Listed records Start Marker

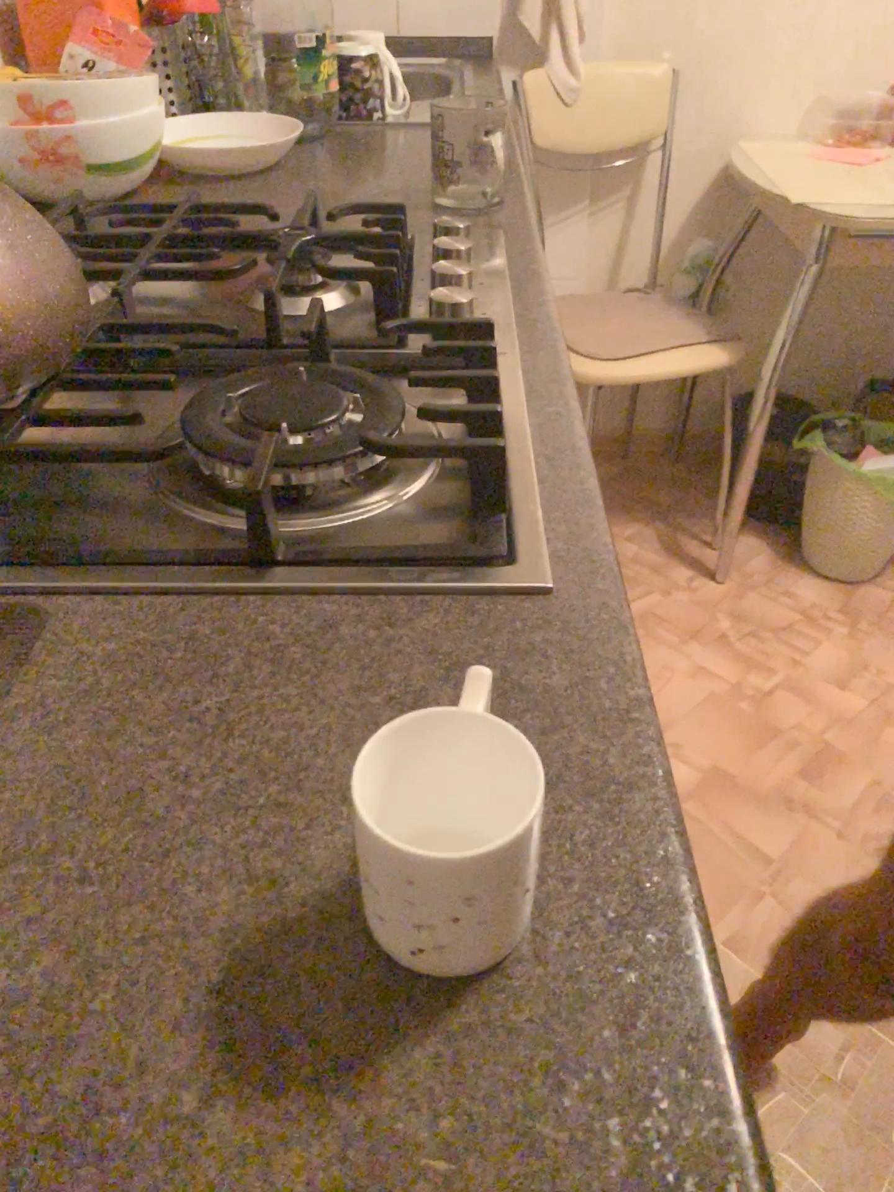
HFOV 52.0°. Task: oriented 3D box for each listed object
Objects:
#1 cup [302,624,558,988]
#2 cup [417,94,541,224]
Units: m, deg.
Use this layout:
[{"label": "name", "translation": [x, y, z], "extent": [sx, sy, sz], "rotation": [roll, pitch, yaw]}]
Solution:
[{"label": "cup", "translation": [-0.003, 0.061, 0.283], "extent": [0.064, 0.061, 0.090], "rotation": [1, 37, 1]}, {"label": "cup", "translation": [0.026, -0.390, 0.813], "extent": [0.064, 0.081, 0.100], "rotation": [-20, 41, -24]}]
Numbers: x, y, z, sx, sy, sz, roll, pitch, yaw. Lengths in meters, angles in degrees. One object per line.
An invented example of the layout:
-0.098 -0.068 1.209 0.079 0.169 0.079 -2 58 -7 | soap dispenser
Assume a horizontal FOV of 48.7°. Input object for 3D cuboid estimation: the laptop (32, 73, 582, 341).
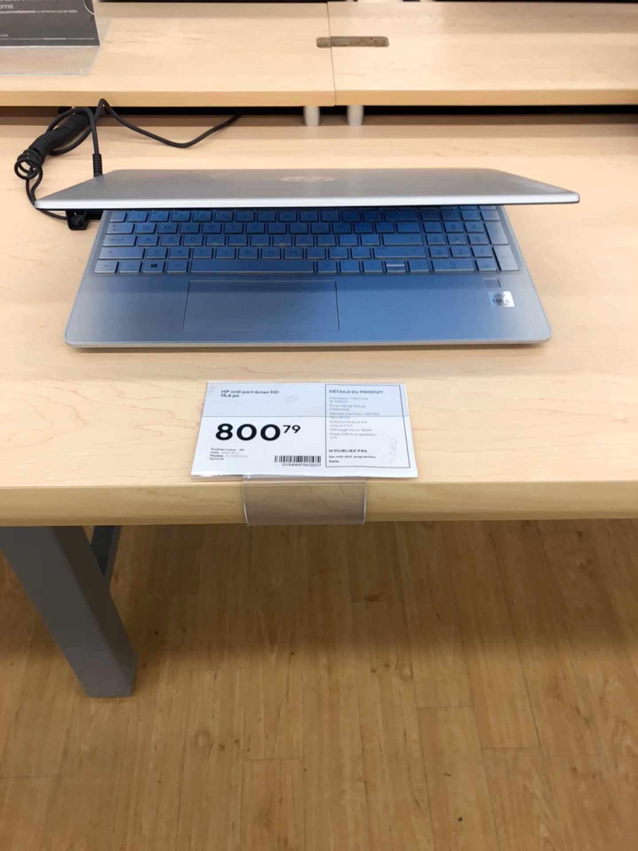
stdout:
-0.007 -0.175 0.540 0.340 0.086 0.224 -1 49 -2 | laptop
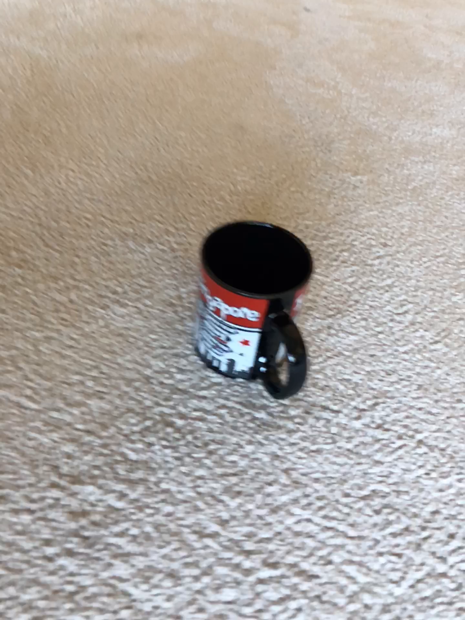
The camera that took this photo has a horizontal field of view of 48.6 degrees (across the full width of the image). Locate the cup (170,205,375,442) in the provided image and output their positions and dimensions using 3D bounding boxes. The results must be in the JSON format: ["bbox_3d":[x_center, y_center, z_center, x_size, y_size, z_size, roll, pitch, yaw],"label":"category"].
[{"bbox_3d":[0.017,0.004,0.365,0.090,0.090,0.131,-9,48,-18],"label":"cup"}]
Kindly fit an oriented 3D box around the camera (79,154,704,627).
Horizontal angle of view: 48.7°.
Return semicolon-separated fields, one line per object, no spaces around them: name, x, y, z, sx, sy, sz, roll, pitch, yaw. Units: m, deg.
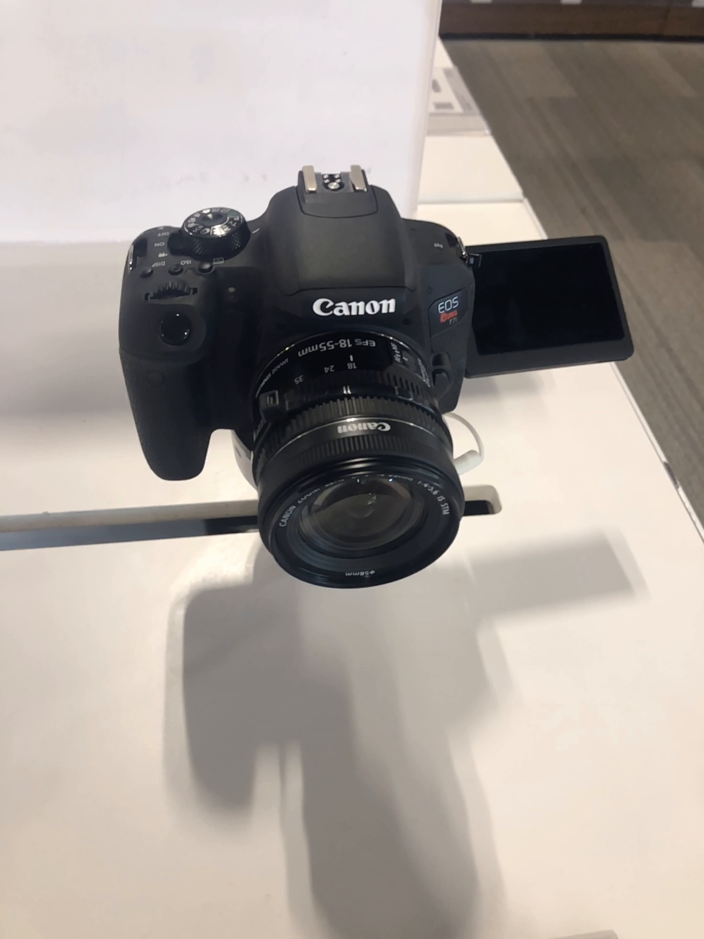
camera;0.029;-0.032;0.270;0.210;0.099;0.111;-5;48;-8
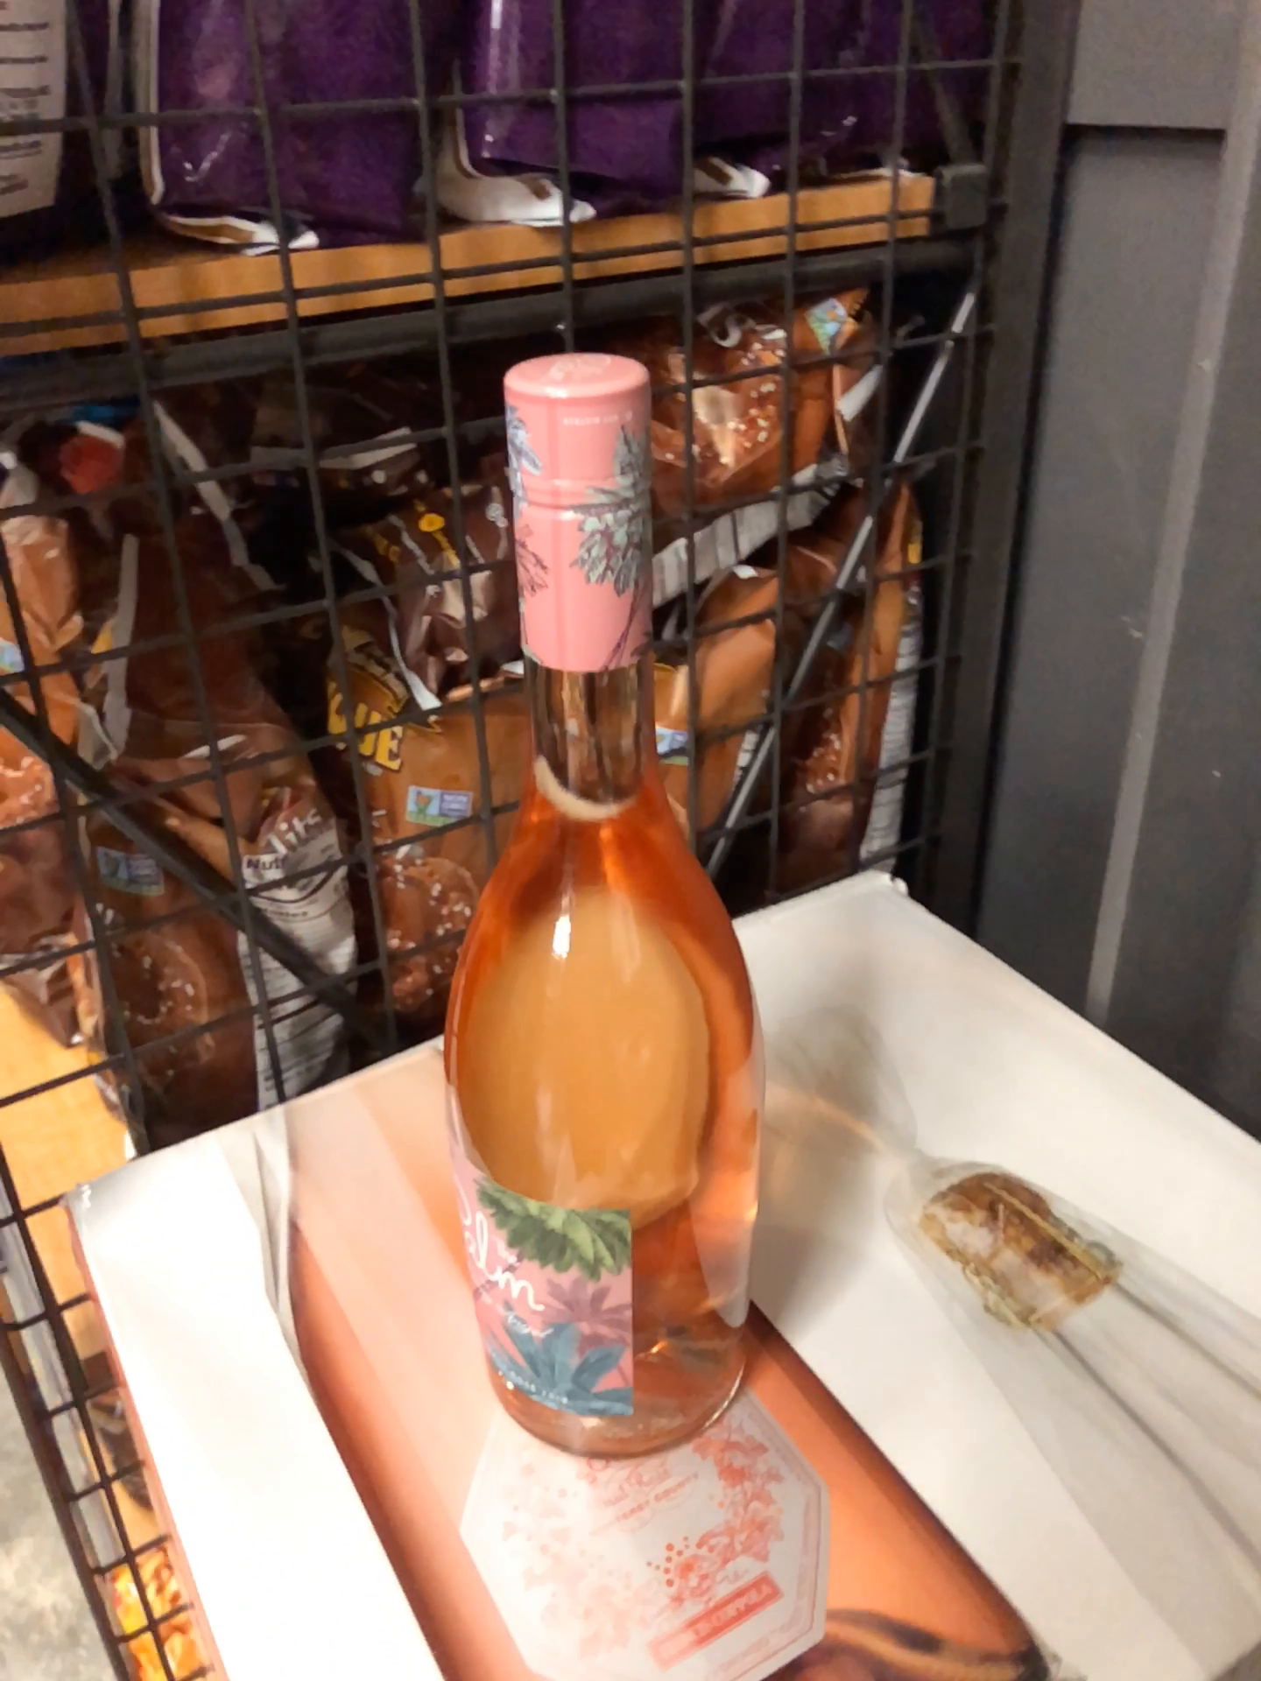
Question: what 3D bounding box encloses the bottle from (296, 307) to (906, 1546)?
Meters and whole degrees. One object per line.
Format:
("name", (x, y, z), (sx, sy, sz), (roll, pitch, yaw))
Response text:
("bottle", (-0.005, 0.029, 0.346), (0.090, 0.285, 0.087), (-1, 29, 1))
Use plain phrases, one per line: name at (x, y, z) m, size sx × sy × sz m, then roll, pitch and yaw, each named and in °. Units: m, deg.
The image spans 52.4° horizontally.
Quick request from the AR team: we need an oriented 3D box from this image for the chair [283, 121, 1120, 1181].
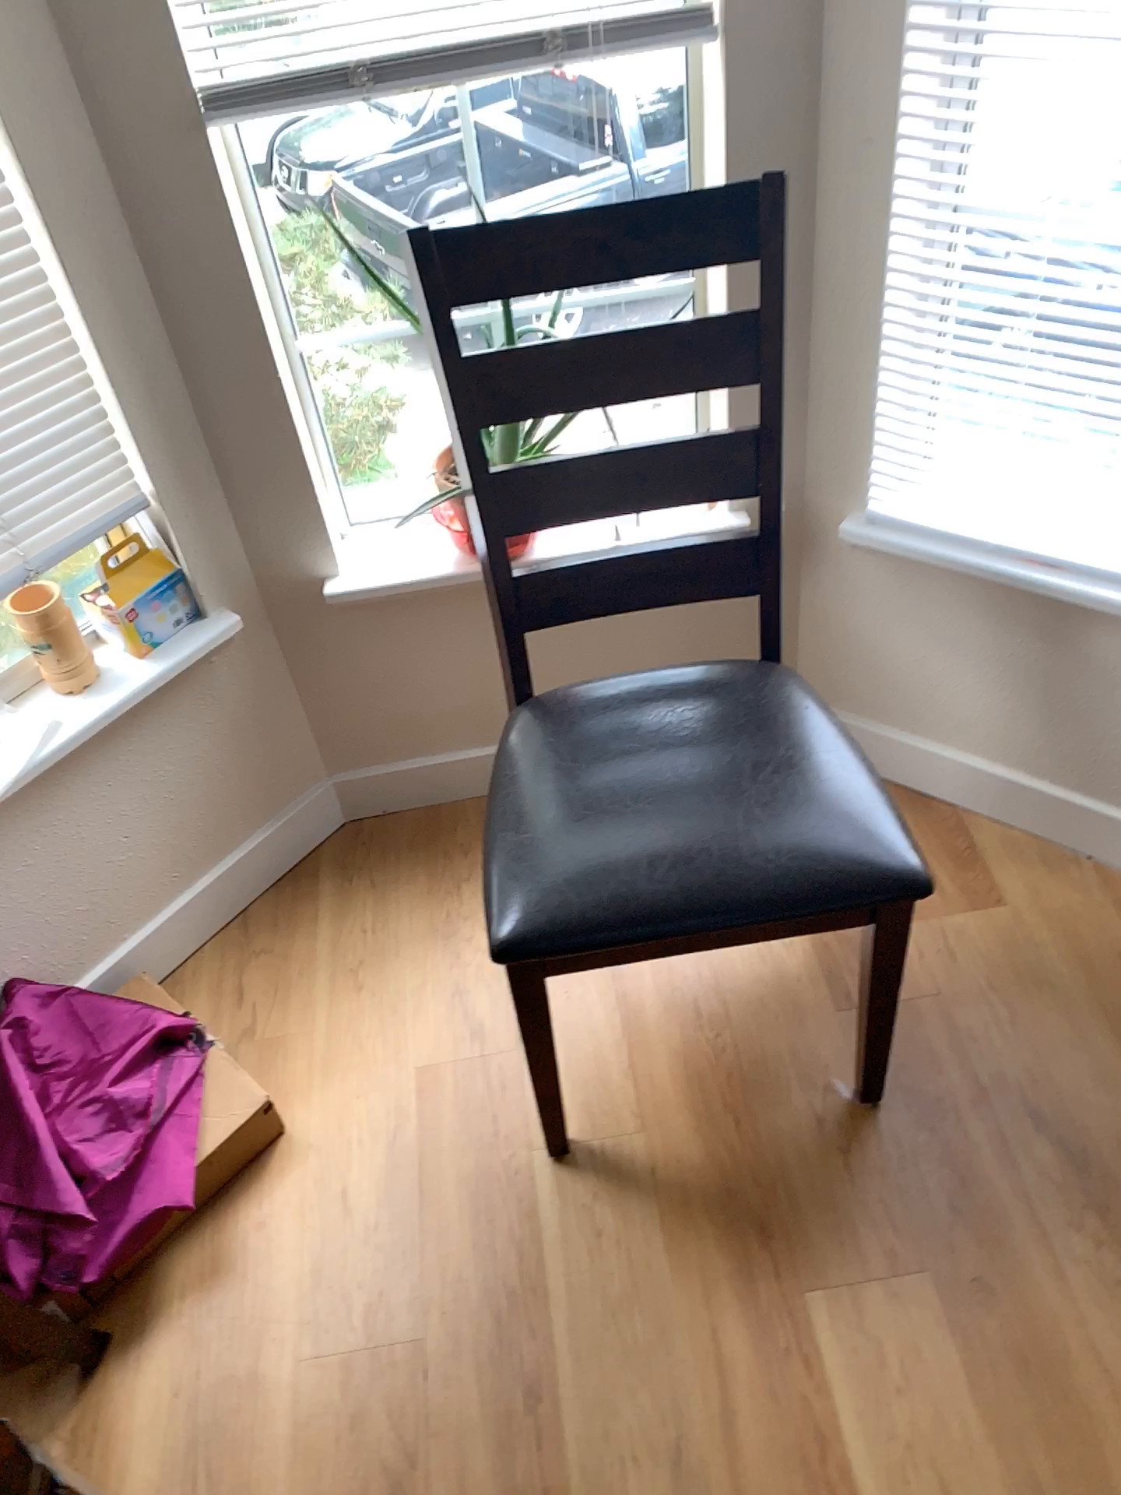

Listed records End Marker

> [What you need to do] Beginning with the line that contains "Return semicolon-separated fields, one" and ending with the last line of the data above, output those lines exactly and nothing more, without any pictures.

> [Worked solution]
Return semicolon-separated fields, one line per object, no spaces around them: name, x, y, z, sx, sy, sz, roll, pitch, yaw. Units: m, deg.
camera;0.029;-0.032;0.270;0.210;0.099;0.111;-5;48;-8
Question: what 3D bounding box encloses the bottle from (296, 307) to (906, 1546)?
Meters and whole degrees. One object per line.
Format:
("name", (x, y, z), (sx, sy, sz), (roll, pitch, yaw))
Response text:
("bottle", (-0.005, 0.029, 0.346), (0.090, 0.285, 0.087), (-1, 29, 1))
Use plain phrases, one per line: name at (x, y, z) m, size sx × sy × sz m, then roll, pitch and yaw, each named and in °. Units: m, deg.
The image spans 52.4° horizontally.
Quick request from the AR team: we need an oriented 3D box from this image for the chair [283, 121, 1120, 1181].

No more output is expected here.